Year of Graduation
Applying recursive tensor neural network model to sentiment analysis of internet shop reviews in Russian language
School of Applied Mathematics and Information Science
With an increase in the number of users that post their opinions on the internet, manual processing of opinions has become impossible. Therefore, the field of automatic sentiment analysis is developing rapidly. One of the recent methods of sentiment analysis, Recursive Neural Tensor Model, has showed much better results compared to earlier approaches of text analysis in English. The main goals of this study are to develop a program which implements this technique for texts in Russian, to reveal its advantages and disadvantages, and to assess a possibility of its practical application to sentiment analysis of internet-shop reviews.In order to test the model a sample of 247 reviews on a particular internet shop from Yandex.Market website was extracted. Each review contains a five-point scale rating of the shop’s quality.

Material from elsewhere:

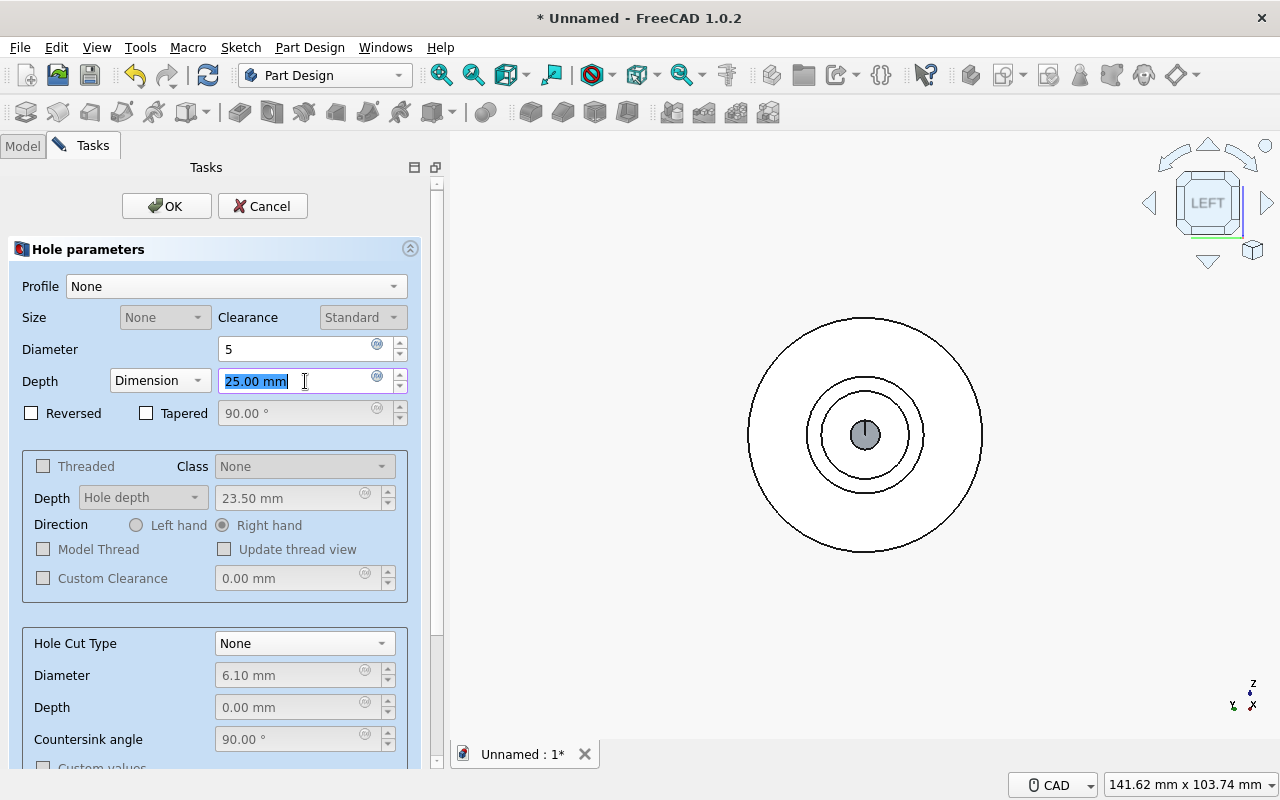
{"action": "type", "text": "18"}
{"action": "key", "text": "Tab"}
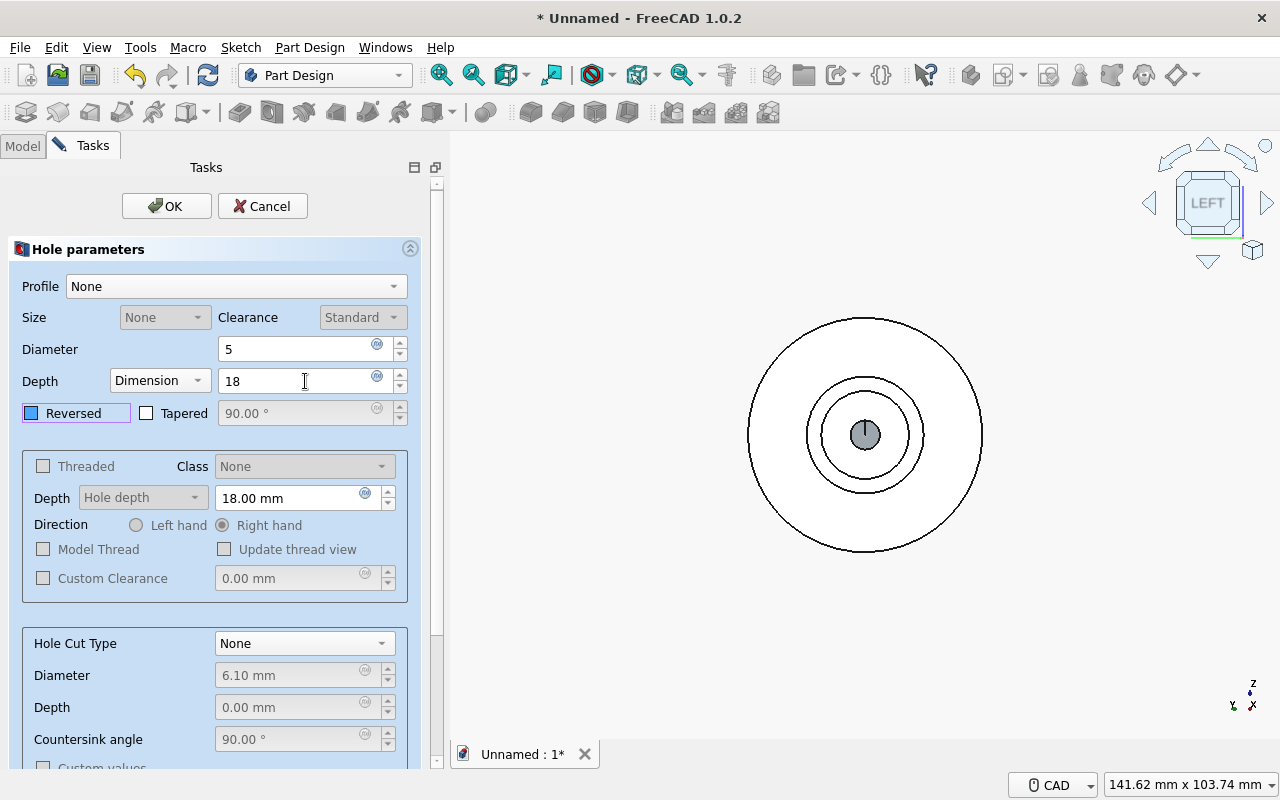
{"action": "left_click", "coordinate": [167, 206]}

These ratings are considered to be estimations of the sentiment of each sentence in the review. For each sentence in the sample a binary dependency tree was constructed with the use of “АОТ” morphology analyzer and the programming module for interactive syntax analysis developed by the authors of this study. Reviewers’ original spelling in sample was retained though.The studied model was implemented using C++ programming language. It was compared with classic sentiment analysis methods, based on bag-of-words model, by the accuracy of binary review classification into two classes (with rating from “1” to “2” and with rating from “3” to “5”) using only one sentence from the review. The conducted experiments showed that though the studied model takes syntactic information into account, its accuracy is lower than the accuracy of one of the classic methods that does not require this information. Moreover, it was noted that unlike classic techniques, for which accuracy tends to rise with an increase in the number of words in a sentence, Recursive Neural Tensor Model shows good accuracy for short and medium-sized sentences (up to 15 words) while its accuracy for long sentences is significantly lower.This behavior of the studied model may be caused by accumulating of a big number of grammar mistakes in the sample and also of the fact that unlike the original study an estimation of sentiment of each phrase of each sentence for the used sample is unknown.